The ability to distribute interactive networked multimedia services depends upon having a suitable medium for authoring and delivery of content. When this project began, there were few tools for authoring in an Internet environment that allowed adequate Quality of Service (multiple streams of real-time, bandwidth-intensive media, e.g., good quality motion video with synchronized sound). ScriptX appeared to be the most promising authoring environment for developing networked interactive multimedia for the World Wide Web (WWW). ScriptX (Version 1.0) from Kaleida Labs, Inc. was available for the Microsoft Windows and Macintosh platforms. It combined the ability to create scripts which were compiled into platform independent bytecode that could be distributed and executed by the Kaleida Media Player (KMP), a virtual machine or software interpreter for pre-compiled "machine-code"[5]. ScriptX also included a library of multimedia tools such as timers, drawing tools and external media importers for bitmaps, audio (AIFF and WAV), and video (Quicktime and VFW). The WWW and ScriptX each had limitations with respect to four requirements for networked multimedia: Data Flow, Synchronization, Media Integration and User Interactivity. However, combining the ScriptX platform with the WWW to create an authoring environment for networked interactive multimedia leveraged the features of both architectures to overcome their individual limitations. [13]

Accomplishments

MIT/CAES and Dartmouth/IML each developed ScriptX-based authoring environments for creating interactive multimedia services and then used the resulting tool kits to produce and deliver prototype LAN based interactive multimedia services deliverable via the WWW.

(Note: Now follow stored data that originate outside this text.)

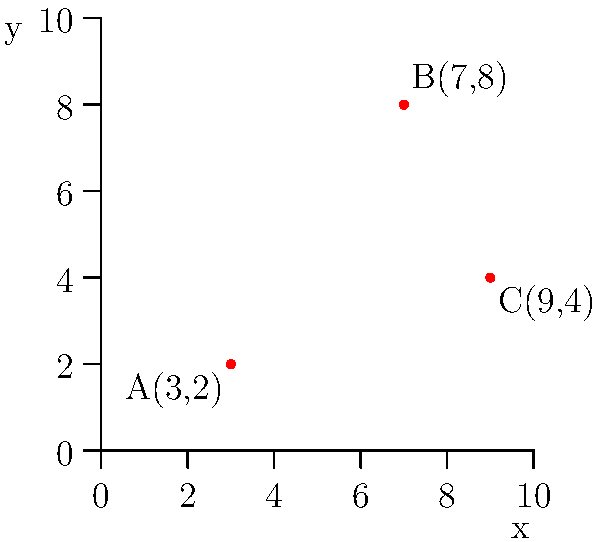Given three potential locations for cybersecurity defense systems on a 2D grid: A(3,2), B(7,8), and C(9,4), determine the coordinates of the point that minimizes the sum of distances to all three locations. This optimal point will serve as the central command for coordinating cyber threat responses. Round your answer to the nearest integer coordinates. To find the optimal point that minimizes the sum of distances to all three given points, we need to follow these steps:

1. Calculate the centroid of the triangle formed by the three points. The centroid represents the arithmetic mean position of all points and is a good approximation for the optimal location.

2. The formula for the centroid (x,y) is:
   $$x = \frac{x_1 + x_2 + x_3}{3}, y = \frac{y_1 + y_2 + y_3}{3}$$
   where $(x_1,y_1)$, $(x_2,y_2)$, and $(x_3,y_3)$ are the coordinates of the three points.

3. Substituting the given coordinates:
   $$x = \frac{3 + 7 + 9}{3} = \frac{19}{3} \approx 6.33$$
   $$y = \frac{2 + 8 + 4}{3} = \frac{14}{3} \approx 4.67$$

4. Rounding to the nearest integer coordinates:
   $x = 6$, $y = 5$

Therefore, the optimal location for the central command, minimizing the sum of distances to all three cybersecurity defense systems, is approximately at the point (6,5).
Answer: (6,5) 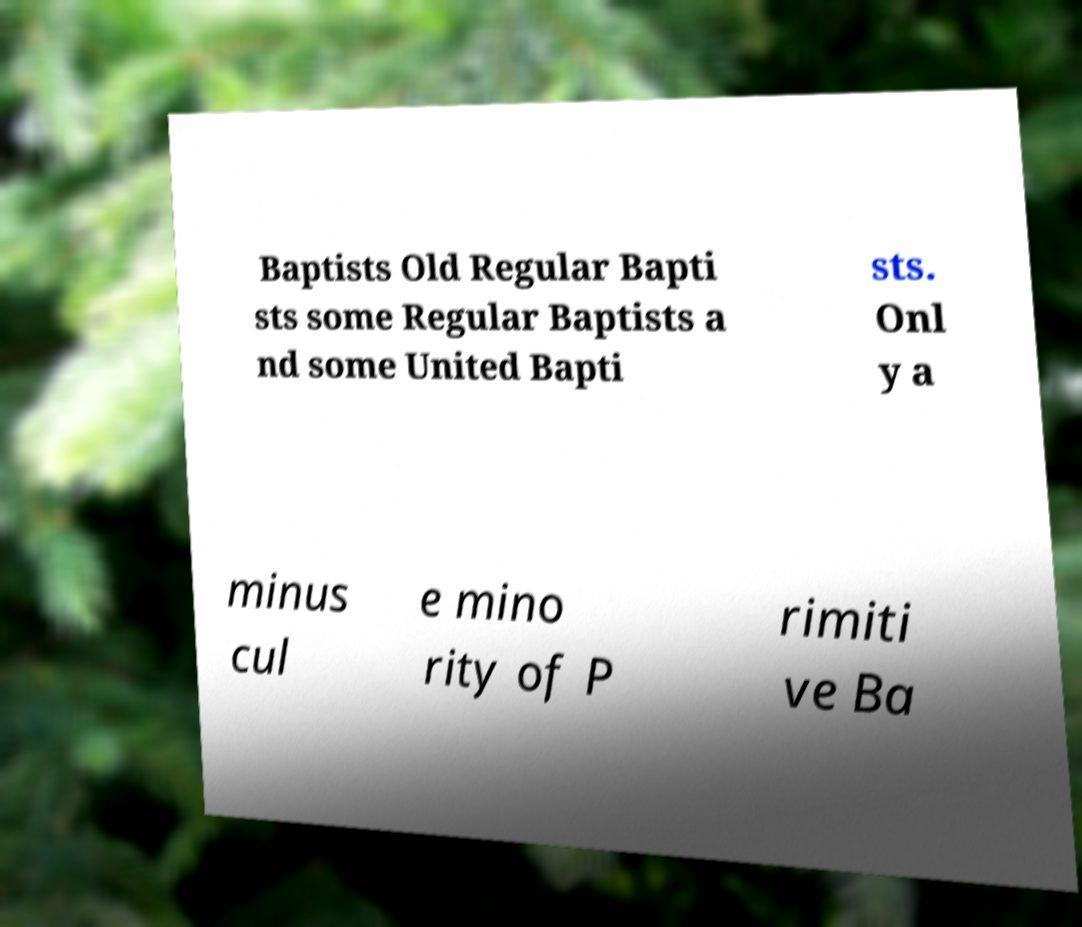What messages or text are displayed in this image? I need them in a readable, typed format. Baptists Old Regular Bapti sts some Regular Baptists a nd some United Bapti sts. Onl y a minus cul e mino rity of P rimiti ve Ba 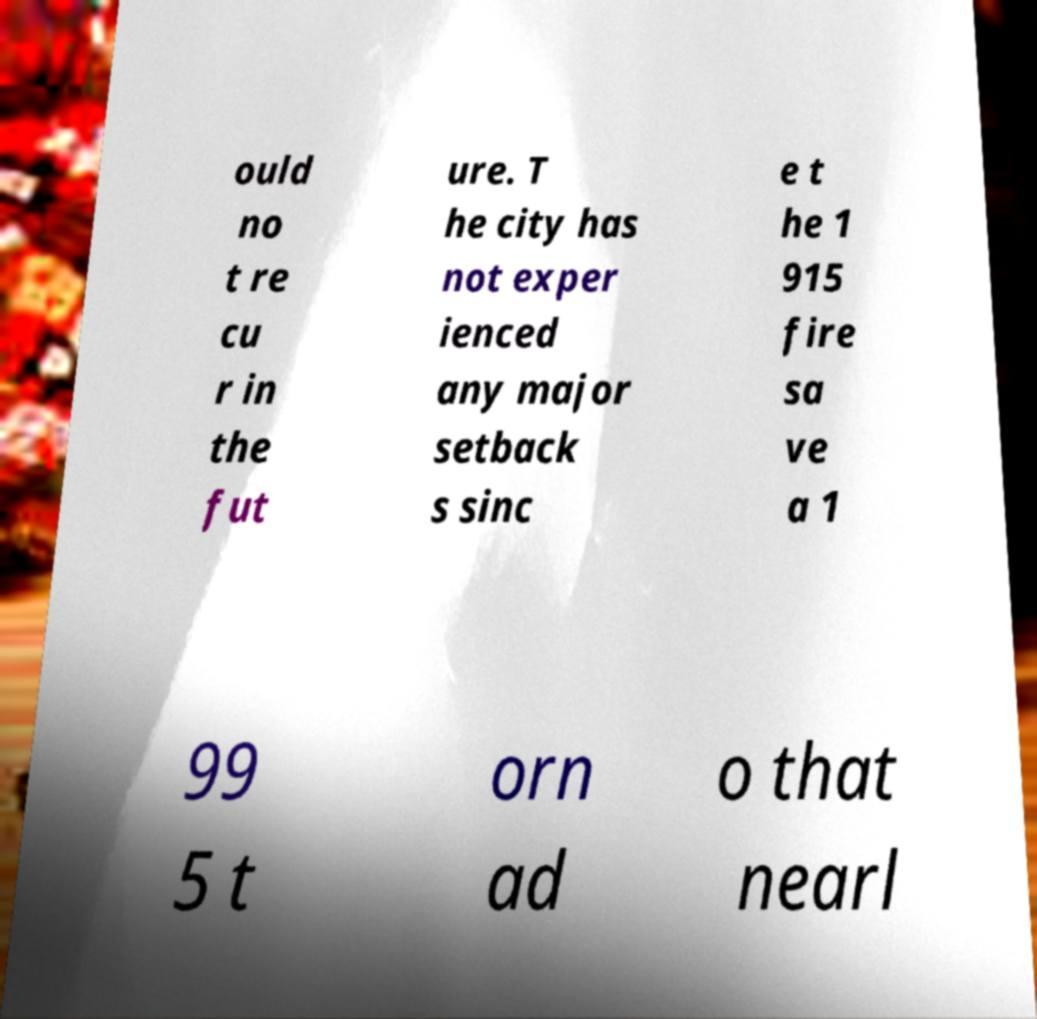There's text embedded in this image that I need extracted. Can you transcribe it verbatim? ould no t re cu r in the fut ure. T he city has not exper ienced any major setback s sinc e t he 1 915 fire sa ve a 1 99 5 t orn ad o that nearl 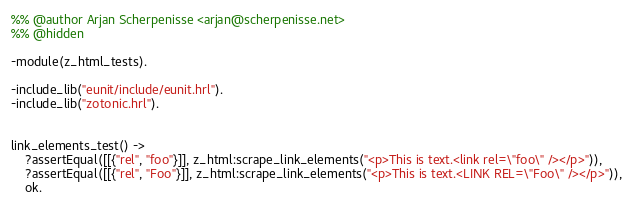Convert code to text. <code><loc_0><loc_0><loc_500><loc_500><_Erlang_>%% @author Arjan Scherpenisse <arjan@scherpenisse.net>
%% @hidden

-module(z_html_tests).

-include_lib("eunit/include/eunit.hrl").
-include_lib("zotonic.hrl").


link_elements_test() ->
    ?assertEqual([[{"rel", "foo"}]], z_html:scrape_link_elements("<p>This is text.<link rel=\"foo\" /></p>")),
    ?assertEqual([[{"rel", "Foo"}]], z_html:scrape_link_elements("<p>This is text.<LINK REL=\"Foo\" /></p>")),
    ok.
</code> 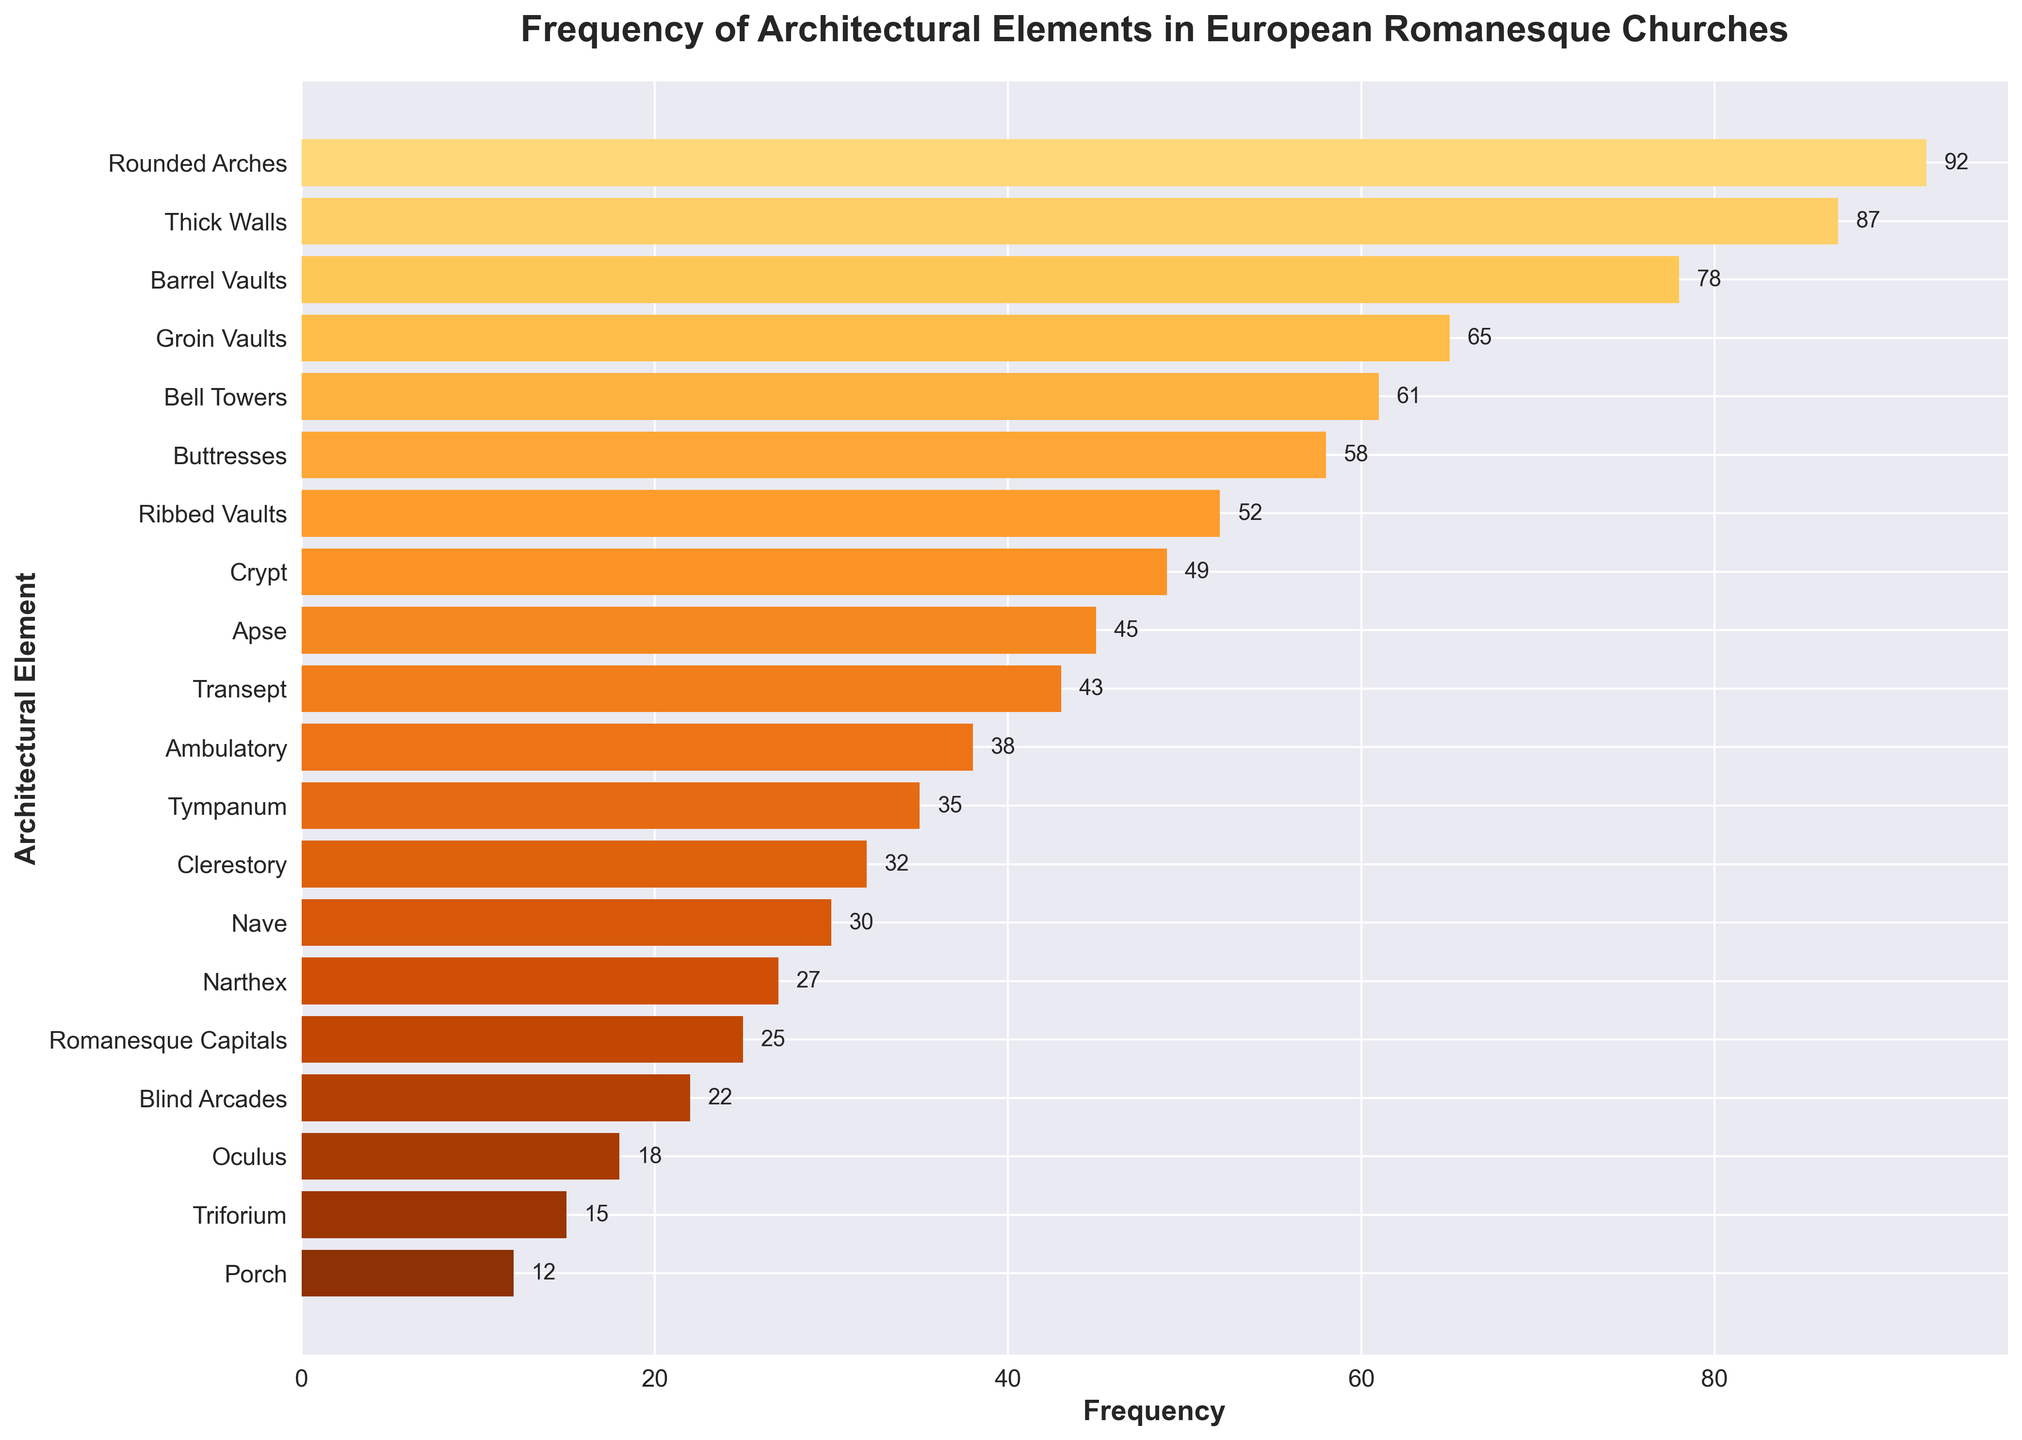What is the most frequent architectural element in the chart? Observe the bar heights and the labels; the tallest bar corresponds to "Rounded Arches" with a frequency of 92.
Answer: Rounded Arches Which architectural element has the lowest frequency and what is it? Identify the shortest bar in the chart, which corresponds to "Porch" with a frequency of 12.
Answer: Porch How many elements have a frequency greater than 50? Count the bars with a frequency value above 50: Rounded Arches, Thick Walls, Barrel Vaults, Groin Vaults, Bell Towers, and Buttresses. There are 6 such elements.
Answer: 6 What is the combined frequency of elements with "Vault" in their name? Summing up the frequencies of "Barrel Vaults" (78), "Groin Vaults" (65), and "Ribbed Vaults" (52) gives 78 + 65 + 52 = 195.
Answer: 195 Which architectural element has a frequency closest to 50? Checking bars around the middle frequency values shows that "Crypt" has a frequency of 49.
Answer: Crypt How many elements have a frequency between 40 and 70? Identify bars with frequency values between 40 and 70: Groin Vaults, Bell Towers, Buttresses, Crypt, and Apse. There are 5 such elements.
Answer: 5 Which is more frequent: Narthex or Nave? Compare the bars for "Narthex" (27) and "Nave" (30); "Nave" has a higher frequency.
Answer: Nave Are there more elements with a frequency below 30 or above 50? Count elements below 30: Narthex, Romanesque Capitals, Blind Arcades, Oculus, Triforium, and Porch (6 elements). Count elements above 50: Rounded Arches, Thick Walls, Barrel Vaults, Groin Vaults, Bell Towers, Buttresses, Ribbed Vaults (7 elements). There are more elements with a frequency above 50.
Answer: Above 50 What is the average frequency of "Ambulatory" and "Clerestory"? The frequencies of "Ambulatory" (38) and "Clerestory" (32) sum to 70. The average frequency is 70/2 = 35.
Answer: 35

At MIT/CAES, work began with the development of the tutorial "Introduction to Machine Tools". This effort provided a basic demonstration of WWW capabilities to deliver video materials over the network. There were graphics, sections of video and hypertext links to short video clips (about 30 seconds long). This early work led to the conclusion that more sophisticated authoring and delivery capabilities were needed.

The next MIT/CAES effort was a prototype ScriptX-Web authoring environment which included extensions and enhancements to provide additional capability including: background fetching, non-linear synchronization and orchestration, both static and dynamic, and specially formatted text-based media. A sample interactive tutorial was developed in the prototype authoring environment to demonstrate the successful implementation of the usage of both the original ScriptX features and the extensions. The sample course was developed at CAES using materials taken from the video course "A New American TQM: Revolutions in Management." [14]

The Dartmouth/IML team began their experiments in interactive networked multimedia by modifying their in-house authoring language, 5L, from DOS/Laserdisc (analog video) to Windows/Macintosh/digital video (CD-ROM and networks using QuickTime-wrapped Cinepak encoding). A wide range of combinations of video window sizes, frame rates, and data rates was examined to optimize training impact vs. hardware and network limitations. A program originally developed for DOS/Laserdisc was converted to Windows/Mac, using content-sourcing from CD-ROM and local area network. Results were very positive for CD-ROM; network-based delivery of content was deemed promising, but not yet adequate for use health care training due to long latencies, interruptions in video stream, and loss of synchronization between audio and video. This effort also provided experience with digital video production, including digitization, use of green-screen videography with video/graphics compositing in post-production, non-linear editing, and data compression.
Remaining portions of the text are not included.